Meulaboh, NAD - Majelis Adat Aceh (MAA) prihatin karena nilai kebudayaan setempat mulai terkikis sedikit demi sedikit dan terpengaruh oleh kebudayaan luar. Pengaruh ini terlihat dalam tatacara perkawinan akhir-akhir ini.
Padahal, dalam setiap event perlombaan, seperti Pekan Kebudayaan Aceh (PKA) III, V, dan VI, daerah yang dijuluki Bumi Teuku Umar itu selalu membawa pulang prestasi gemilang sebagai juara pertama.
Demikian dikatakan Ketua MAA Aceh Barat, H Umar Ali Mufti, Kamis (22/10) dalam sosialisasi dan simulasi pelaksanaan adat perkawinan tradisi Aceh Barat di Aula Pendopo Lama, Suak Indrapuri, Kecamatan Johan Pahlawan.
Hadir sebanyak 75 peserta, terdiri atas perwakilan 12 kecamatan dan sejumlah pelaku tata rias pengantin di Aceh Barat selaku ujung tombak pelaku adat-istiadat perkawinan di daerah itu.
Umar Mufti Ali mengatakan, selama ini, tatacara perkawinan di Aceh Barat telah terpengaruh oleh adat luar daerah, seperti adat Melayu. Dia mengaku sangat prihatin melihat kondisi yang mengikis tradisi leluhur tersebut.
Padahal, dalam tradisi adat perkawinan Aceh Barat, banyak proses unik yang tidak ada dalam adat perkawinan daerah lain, seperti mano pucok (penyampaian syair nasehat kepada mempelai), khatam Quran yang biasa dilaksanakan sebelum mempelai mengukir inai.

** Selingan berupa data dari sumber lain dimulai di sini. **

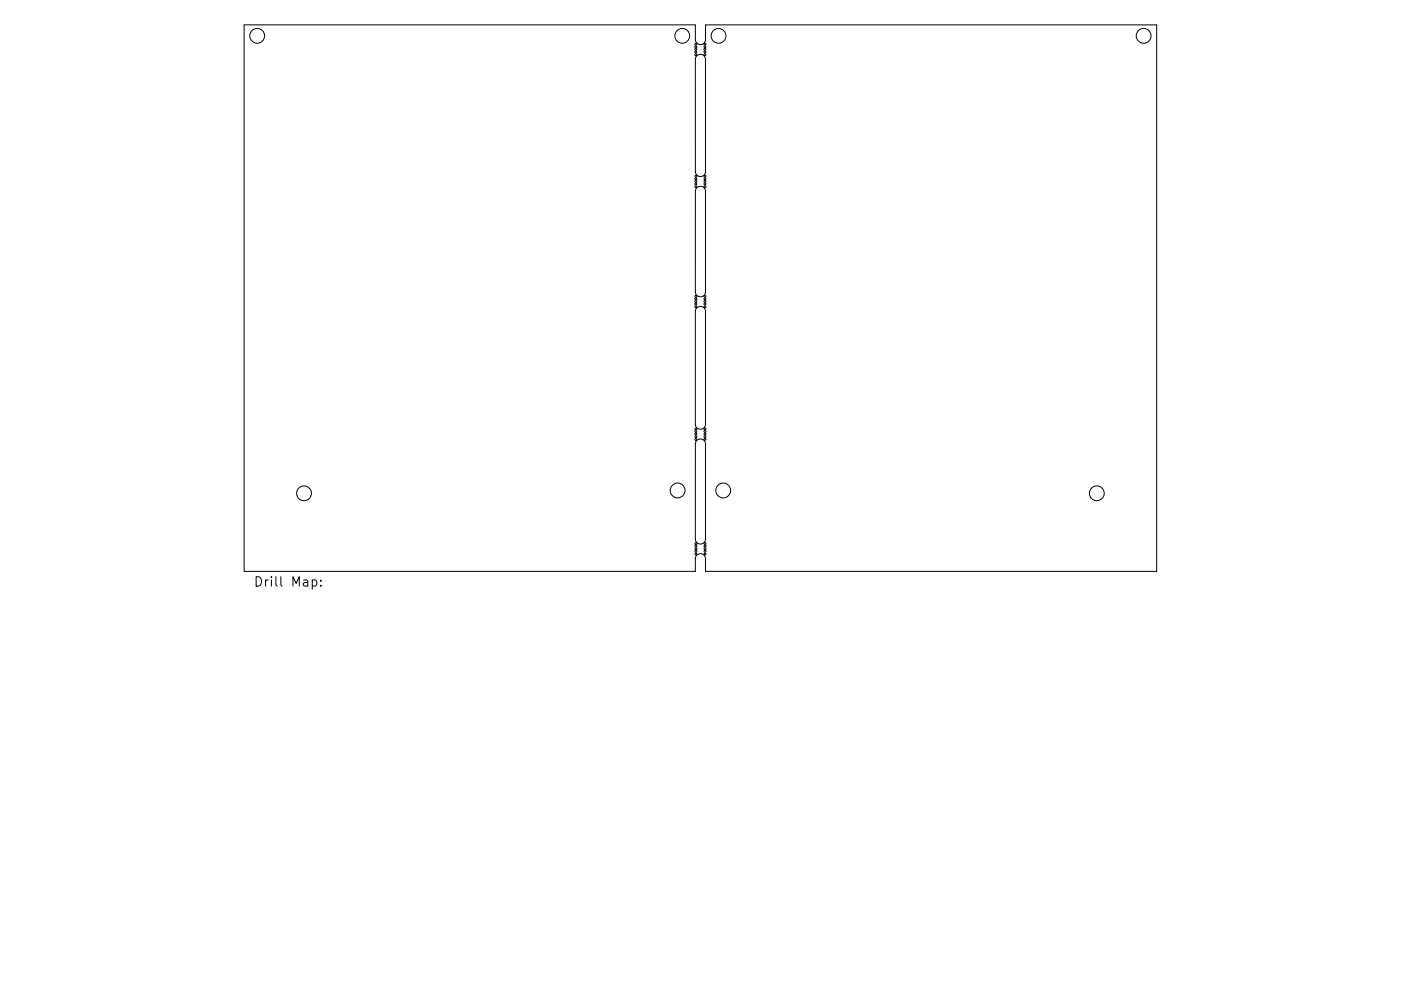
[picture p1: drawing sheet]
<svg xmlns="http://www.w3.org/2000/svg" width="297mm" height="210mm" viewBox="0 0 297 210" stroke-linecap="round" stroke-linejoin="round" font-family="sans-serif">
<defs><g id="words">
<text font-size="2.8" x="53.7" y="124.5">Drill Map:</text>
</g></defs>
<g fill="none" stroke="#000" stroke-width=".21">
<path d="M51.8 5.3h95.6v3.1a1.07 1.07 0 0 0 1.1 1.1 1.07 1.07 0 0 0 1.1-1.1v-3.1h95.6v115.9h-95.6v-2.7a1.07 1.07 0 0 0-1.1-1 1.07 1.07 0 0 0-1.1 1v2.7h-95.6zM147.7 11.9a1.07 1.07 0 0 1 1.2-.3 1.07 1.07 0 0 1 .7 1v23.8a1.07 1.07 0 0 1-1.1 1.1 1.07 1.07 0 0 1-1.1-1.1v-23.8zM147.7 39.9a1.07 1.07 0 0 1 1.2-.3 1.07 1.07 0 0 1 .7 1v21.3a1.07 1.07 0 0 1-1.1 1.1 1.07 1.07 0 0 1-1.1-1.1v-21.3zM147.7 65.3a1.07 1.07 0 0 1 1.2-.2 1.07 1.07 0 0 1 .7 1v23.9a1.07 1.07 0 0 1-1.1 1.1 1.07 1.07 0 0 1-1.1-1.1v-23.9zM147.7 93.5a1.07 1.07 0 0 1 1.2-.3 1.07 1.07 0 0 1 .7 1v20.2a1.07 1.07 0 0 1-1.1 1 1.07 1.07 0 0 1-1.1-1v-20.2zM66.2 123.1l.6-.1 .4 .4v.6l-.2 .3h-.8M68 124.2v.2M68 123.1v.2"/>
<circle cx="54.5" cy="7.6" r="1.57"/>
<circle cx="144.7" cy="7.6" r="1.57"/>
<circle cx="147.5" cy="9.9" r=".21"/>
<circle cx="147.5" cy="11" r=".21"/>
<circle cx="147.5" cy="10.5" r=".21"/>
<circle cx="147.5" cy="11.6" r=".21"/>
<circle cx="147.5" cy="9.4" r=".21"/>
<circle cx="149.5" cy="11.6" r=".21"/>
<circle cx="149.5" cy="9.4" r=".21"/>
<circle cx="149.5" cy="10.5" r=".21"/>
<circle cx="149.5" cy="11" r=".21"/>
<circle cx="149.5" cy="9.9" r=".21"/>
<circle cx="152.3" cy="7.6" r="1.57"/>
<circle cx="242.5" cy="7.6" r="1.57"/>
<circle cx="147.5" cy="38" r=".21"/>
<circle cx="147.5" cy="38.5" r=".21"/>
<circle cx="147.5" cy="39.6" r=".21"/>
<circle cx="147.5" cy="39" r=".21"/>
<circle cx="147.5" cy="37.4" r=".21"/>
<circle cx="149.5" cy="39.6" r=".21"/>
<circle cx="149.5" cy="37.4" r=".21"/>
<circle cx="149.5" cy="39" r=".21"/>
<circle cx="149.5" cy="38.5" r=".21"/>
<circle cx="149.5" cy="37.9" r=".21"/>
<circle cx="147.5" cy="62.9" r=".21"/>
<circle cx="147.5" cy="64" r=".21"/>
<circle cx="147.5" cy="64.5" r=".21"/>
<circle cx="147.5" cy="63.4" r=".21"/>
<circle cx="147.5" cy="65.1" r=".21"/>
<circle cx="149.5" cy="65.1" r=".21"/>
<circle cx="149.5" cy="62.9" r=".21"/>
<circle cx="149.5" cy="63.4" r=".21"/>
<circle cx="149.5" cy="64.5" r=".21"/>
<circle cx="149.5" cy="64" r=".21"/>
<circle cx="147.5" cy="91" r=".21"/>
<circle cx="147.5" cy="93.2" r=".21"/>
<circle cx="147.5" cy="92.1" r=".21"/>
<circle cx="147.5" cy="92.7" r=".21"/>
<circle cx="147.5" cy="91.6" r=".21"/>
<circle cx="149.5" cy="91.5" r=".21"/>
<circle cx="149.5" cy="92.6" r=".21"/>
<circle cx="149.5" cy="92.1" r=".21"/>
<circle cx="149.5" cy="91" r=".21"/>
<circle cx="149.5" cy="93.2" r=".21"/>
<circle cx="64.5" cy="104.7" r="1.57"/>
<circle cx="143.7" cy="104.1" r="1.57"/>
<circle cx="147.6" cy="115.9" r=".21"/>
<circle cx="147.6" cy="115.3" r=".21"/>
<circle cx="147.6" cy="117.6" r=".21"/>
<circle cx="147.6" cy="116.4" r=".21"/>
<circle cx="147.6" cy="117" r=".21"/>
<circle cx="149.5" cy="115.3" r=".21"/>
<circle cx="149.5" cy="116.9" r=".21"/>
<circle cx="149.5" cy="115.9" r=".21"/>
<circle cx="149.5" cy="116.4" r=".21"/>
<circle cx="149.5" cy="117.5" r=".21"/>
<circle cx="153.3" cy="104.1" r="1.57"/>
<circle cx="232.5" cy="104.7" r="1.57"/>
</g>
<use href="#words"/>
</svg>

“Kalau pakaian adat asli mempelai Aceh Barat itu ringan, tidak berat. Kalau daerah lain berat, bahkan ada yang pingsan,” ujarnya.
Dalam sosialisasi itu langsung dilakukan praktik berupa simulasi tatacara perkawinan sesuai tradisi masyarakat Aceh Barat, mulai dari meminang, sampai mencari kepastian, syarat-syarat, mengantar pengantin hingga duduk di pelaminan. “Demikian juga peunuwo (perlengkapan pengantin) sampai tatacara menyambut pengantin,” ungkapnya.